Der kanadische Regisseur Bruce LaBruce hat sich mit seinem neuesten Low-Budget-Film ganz unbescheiden der Aufgabe verschrieben, ein Remake von Pier Paolo Pasolinis „Teorema“ zu drehen. Pasolinis Film aus dem Jahr 1968 erzählt, wie ein geheimnisvoller attraktiver junger Mann nacheinander die Mitglieder einer Mailänder Industriellen-Familie verführt. Die Haushälterin, die Mutter, der Vater, die Tochter und auch der Sohn verfallen ihm zunächst hoffnungslos, und als der Gast eines Tages wieder verschwindet, zerbrechen sie an den Lügen ihres bourgeoisen Lebens.
Eine Abfolge einzelner Nummern
Die Handlung übernimmt „The Visitor“ zwar fast identisch, folgt dabei aber keiner herkömmlichen Erzählweise, sondern reiht vielmehr einzelne Nummern aneinander.
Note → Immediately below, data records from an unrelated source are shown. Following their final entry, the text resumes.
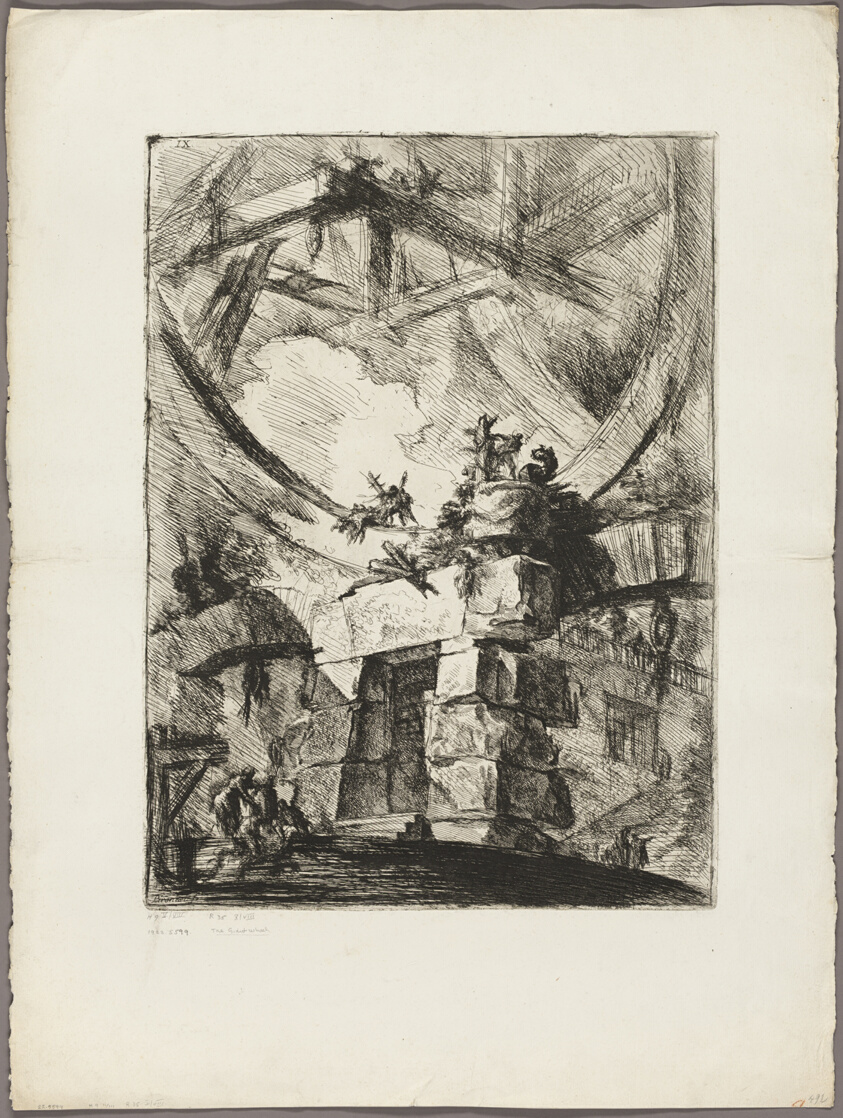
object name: Print
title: The Giant Wheel, plate 9 from Imaginary Prisons
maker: Giovanni Battista Piranesi (Italian, 1720-1778)
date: 1761
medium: Etching and engraving on heavy ivory laid paper
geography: Italy
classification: etching; print; prints and drawing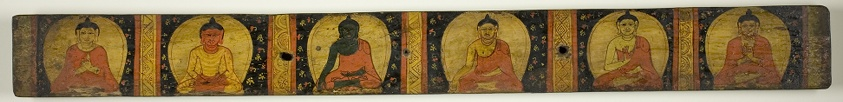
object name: Religious/Ritual Object
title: Manuscript Cover with Six Seated Buddhas with Various Hand Gestures (Mudras)
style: Himalayan
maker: Nepal
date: 12th century
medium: Pigments and metallic paint on wood
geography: Nepal
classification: manuscript; ritual objects

Die Ankunft beginnt etwa mit einem Ritual, in dem bereits Sexuelles und Religiöses miteinander verschmelzen. Das Festessen der Familie reichert der Besucher dabei mit Blut, Urin und Exkrementen an. In der Folge färbt sich die Leinwand auch immer wieder in Rot, Gelb und Braun.
Der Großteil des Films besteht aus einer Abfolge expliziter sexueller Begegnungen, die LaBruce mit allerlei Verfremdungseffekten wie ein Musikvideo inszeniert. Während auf dem Soundtrack Hannah Hollands Electro-Beats wummern und die Bilder kopulierender Darsteller mal blau, mal rot eingefärbt werden, flackern immer wieder in großen Buchstaben Wortspiele und politische Slogans wie „Open Legs, Open Borders“ oder „Anal Liberation Now“ auf; eine Methode, die LaBruce unter anderem schon bei seinem RAF-Porno „The Raspberry Reich“ eingesetzt hat.
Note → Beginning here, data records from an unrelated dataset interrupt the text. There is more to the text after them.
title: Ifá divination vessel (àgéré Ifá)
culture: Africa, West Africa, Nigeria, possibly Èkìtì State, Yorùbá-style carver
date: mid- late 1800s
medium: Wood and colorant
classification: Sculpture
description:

Die verschiedenen erotischen, meist auf die eine oder andere Art queeren Spielarten, die „The Visitor“ vorführt, sollen die heteronormative Herrschaft herausfordern. Sex ist im Film eine revolutionäre Kraft oder besser gesagt ein Allheilmittel gegen alles, was an der Welt schlecht ist: Kapitalismus, Patriarchat, Kolonialismus. Das Leben des Bürgertums wird als lächerliche Travestie dargeboten und wirkt vor allem deshalb so zahnlos, weil sich kein Interesse an wirklicher Kritik an der Bourgeoisie erkennen lässt. Auch Rassismus und soziale Ungleichheit bleiben lediglich lieblos eingeworfene Schlagworte.
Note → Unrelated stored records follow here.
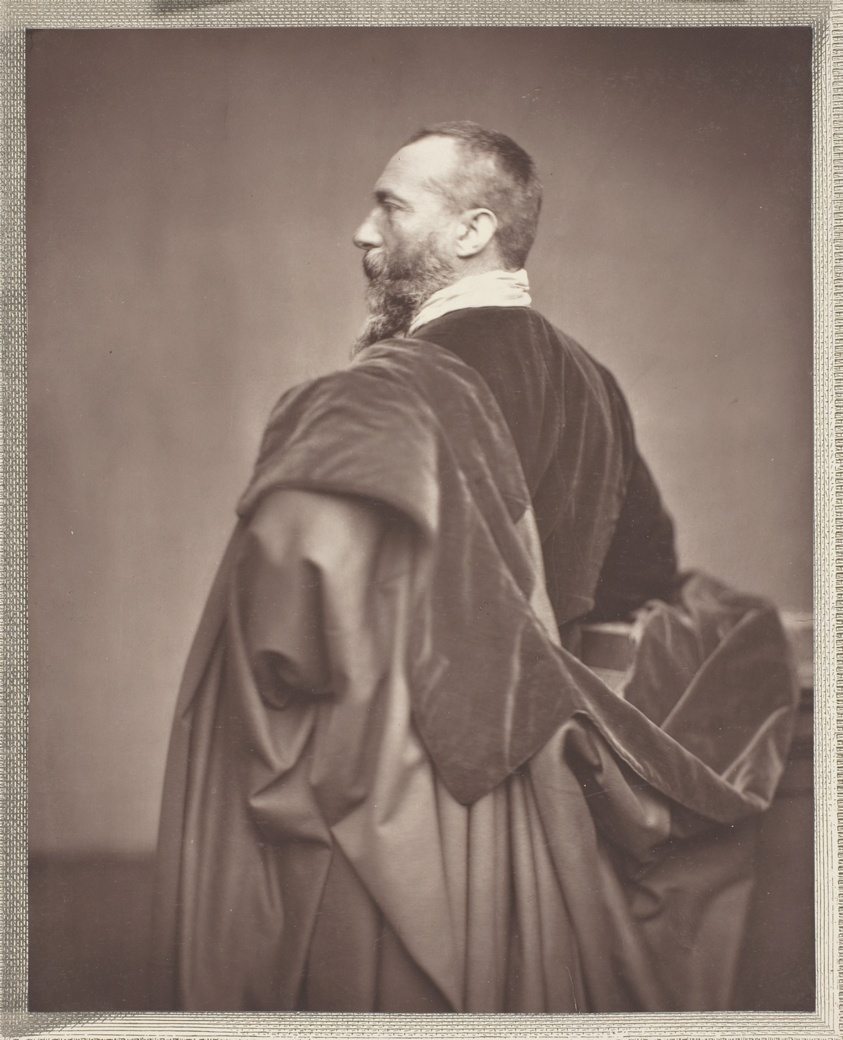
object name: Photograph
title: Jean-Baptiste Alphonse Karr (French critic, journalist, and novelist, 1808-1890)
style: 19th century
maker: Antoine Samuel Adam-Salomon (French, 1811–1881)
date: c. 1876
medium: Woodburytype, from the periodical “Galerie Contemporaine Littéraire, Artistique” (1877), volume 2
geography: France
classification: woodburytype; photomechanical process; photography; photograph
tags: Collected by Hugh Edwards, Contemporaine Littéraire

Heiliger Ernst im anarchisch Amateurhaften
Man könnte einwenden, dass sich der Film ja bewusst trashig gibt und lieber laut und grell als nuancenreich sein möchte. Die Idee eines Agitprop-Pornos hat in der Theorie tatsächlich ihren Reiz, kann aber zumindest in der Version von LaBruce nicht überzeugen. Vielleicht hat es damit zu tun, dass sich der Film zwar absichtlich geschmacklos gibt, der Humor dabei aber auf der Strecke bleibt. Im anarchisch Amateurhaften steckt zugleich ein heiliger Ernst, mit dem versucht wird, etwas künstlerisch und politisch Bedeutungsvolles zu produzieren. Eine weise Entscheidung war es zumindest, den Dialog auf ein Minimum zu reduzieren. Die Gesprächsszenen wirken so staksig, dass man regelrecht erleichtert ist, sobald wieder die Musik einsetzt.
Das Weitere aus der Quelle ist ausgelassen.